RECORDS TO USE below:
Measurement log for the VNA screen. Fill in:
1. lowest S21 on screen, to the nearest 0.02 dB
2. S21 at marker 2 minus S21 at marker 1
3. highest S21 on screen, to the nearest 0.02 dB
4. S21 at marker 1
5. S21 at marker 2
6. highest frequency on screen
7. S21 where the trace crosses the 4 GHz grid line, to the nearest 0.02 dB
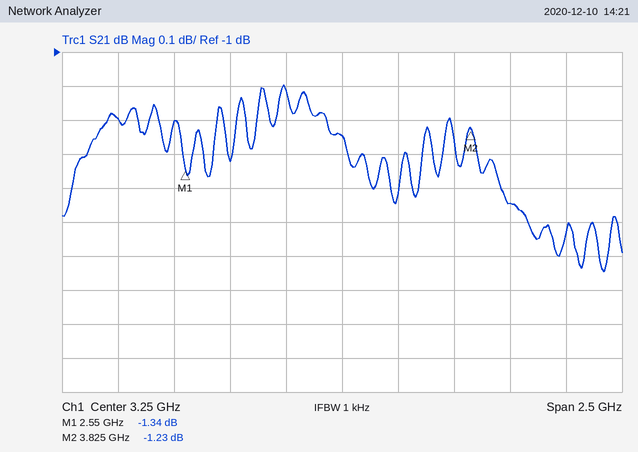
-1.64 dB
0.11 dB
-1.10 dB
-1.34 dB
-1.23 dB
4.5 GHz
-1.44 dB
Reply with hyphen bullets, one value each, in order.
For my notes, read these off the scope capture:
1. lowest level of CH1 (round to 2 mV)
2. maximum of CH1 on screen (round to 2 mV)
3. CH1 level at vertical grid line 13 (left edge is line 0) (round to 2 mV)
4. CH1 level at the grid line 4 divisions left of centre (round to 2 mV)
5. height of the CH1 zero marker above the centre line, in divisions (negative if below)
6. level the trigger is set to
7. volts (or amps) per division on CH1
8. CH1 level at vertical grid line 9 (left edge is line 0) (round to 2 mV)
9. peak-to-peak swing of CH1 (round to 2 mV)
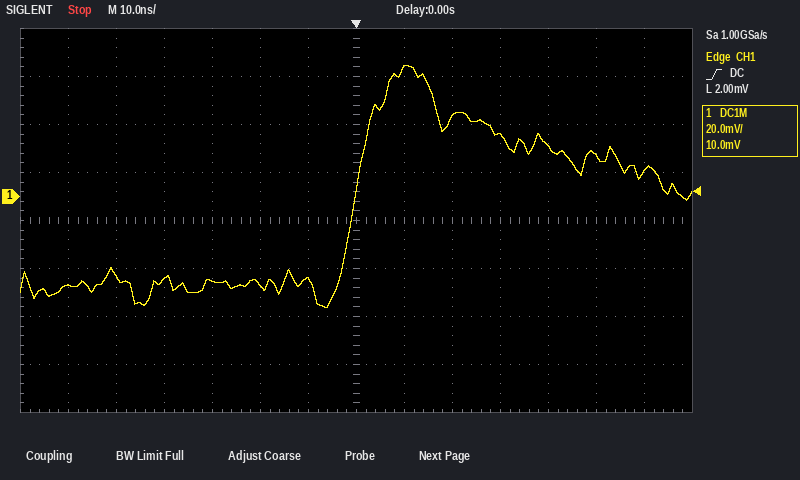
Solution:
- -46 mV
- 54 mV
- 10 mV
- -34 mV
- +0.5 div
- 2.00 mV
- 20 mV
- 34 mV
- 100 mV
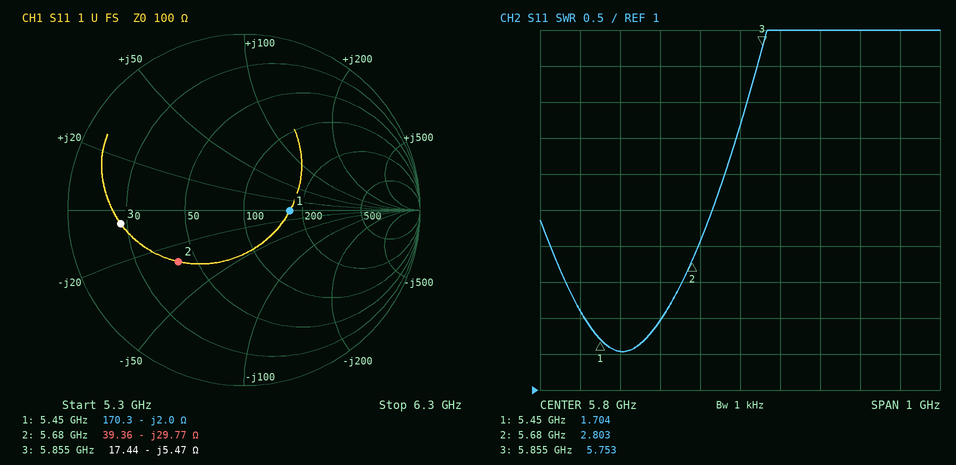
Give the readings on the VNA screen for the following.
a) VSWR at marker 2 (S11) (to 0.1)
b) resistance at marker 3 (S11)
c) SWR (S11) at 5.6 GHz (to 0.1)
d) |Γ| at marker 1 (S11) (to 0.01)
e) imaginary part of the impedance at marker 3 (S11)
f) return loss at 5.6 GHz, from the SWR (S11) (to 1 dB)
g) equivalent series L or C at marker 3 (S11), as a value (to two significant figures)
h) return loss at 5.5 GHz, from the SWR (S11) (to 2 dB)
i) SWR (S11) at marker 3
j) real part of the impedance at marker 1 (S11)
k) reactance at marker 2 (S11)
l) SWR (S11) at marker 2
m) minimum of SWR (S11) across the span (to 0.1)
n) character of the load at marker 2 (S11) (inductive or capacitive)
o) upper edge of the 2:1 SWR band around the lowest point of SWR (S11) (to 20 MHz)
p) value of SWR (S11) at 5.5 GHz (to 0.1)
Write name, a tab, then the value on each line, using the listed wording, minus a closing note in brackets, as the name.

VSWR at marker 2 (S11)	2.8
resistance at marker 3	17.44 Ω
SWR (S11) at 5.6 GHz	2.0
|Γ| at marker 1 (S11)	0.26
imaginary part of the impedance at marker 3	-5.47 Ω
return loss at 5.6 GHz, from the SWR (S11)	10 dB
equivalent series L or C at marker 3 (S11), as a value	5.0 pF
return loss at 5.5 GHz, from the SWR (S11)	14 dB
SWR (S11) at marker 3	5.753
real part of the impedance at marker 1	170.3 Ω
reactance at marker 2	-29.77 Ω
SWR (S11) at marker 2	2.803
minimum of SWR (S11) across the span	1.5
character of the load at marker 2 (S11)	capacitive
upper edge of the 2:1 SWR band around the lowest point of SWR (S11)	5.60 GHz
value of SWR (S11) at 5.5 GHz	1.5
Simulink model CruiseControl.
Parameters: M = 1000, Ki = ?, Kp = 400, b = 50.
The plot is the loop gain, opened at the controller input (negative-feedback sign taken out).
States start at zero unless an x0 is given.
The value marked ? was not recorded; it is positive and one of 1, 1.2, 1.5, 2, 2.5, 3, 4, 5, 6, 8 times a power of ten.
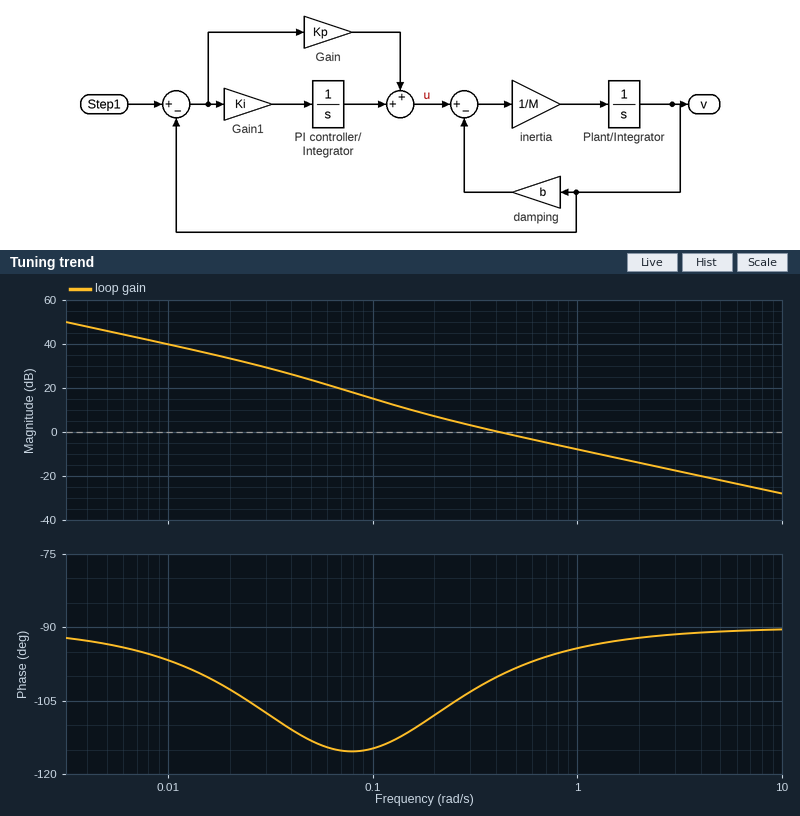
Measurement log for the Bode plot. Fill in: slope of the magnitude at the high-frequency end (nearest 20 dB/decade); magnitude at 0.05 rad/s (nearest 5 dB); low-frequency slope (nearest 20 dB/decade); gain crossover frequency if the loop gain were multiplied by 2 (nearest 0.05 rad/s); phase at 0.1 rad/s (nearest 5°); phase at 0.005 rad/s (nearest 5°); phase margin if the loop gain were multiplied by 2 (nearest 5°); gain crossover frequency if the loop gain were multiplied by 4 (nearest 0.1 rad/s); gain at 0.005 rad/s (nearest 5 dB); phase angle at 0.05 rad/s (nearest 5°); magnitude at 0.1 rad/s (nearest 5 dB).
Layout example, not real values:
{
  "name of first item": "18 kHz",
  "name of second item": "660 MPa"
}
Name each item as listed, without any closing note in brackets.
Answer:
{
  "slope of the magnitude at the high-frequency end": "-20 dB/decade",
  "magnitude at 0.05 rad/s": "25 dB",
  "low-frequency slope": "-20 dB/decade",
  "gain crossover frequency if the loop gain were multiplied by 2": "0.80 rad/s",
  "phase at 0.1 rad/s": "-115°",
  "phase at 0.005 rad/s": "-95°",
  "phase margin if the loop gain were multiplied by 2": "85°",
  "gain crossover frequency if the loop gain were multiplied by 4": "1.6 rad/s",
  "gain at 0.005 rad/s": "45 dB",
  "phase angle at 0.05 rad/s": "-115°",
  "magnitude at 0.1 rad/s": "15 dB"
}
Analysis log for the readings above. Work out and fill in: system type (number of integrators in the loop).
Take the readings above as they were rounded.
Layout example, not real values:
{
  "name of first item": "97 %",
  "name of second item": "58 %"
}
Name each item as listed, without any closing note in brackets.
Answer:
{
  "system type": "1"
}
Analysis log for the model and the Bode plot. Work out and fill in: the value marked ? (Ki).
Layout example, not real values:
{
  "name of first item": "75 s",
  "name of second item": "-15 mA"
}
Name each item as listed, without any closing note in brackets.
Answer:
{
  "the value marked ?": "50"
}
End of RECORDS TO USE.
• WHAT YOU HAVE TO DO: Your answer must be every line from the listing above that holds the string "second".

• YOUR RESPONSE:
  "name of second item": "660 MPa"
  "name of second item": "58 %"
  "name of second item": "-15 mA"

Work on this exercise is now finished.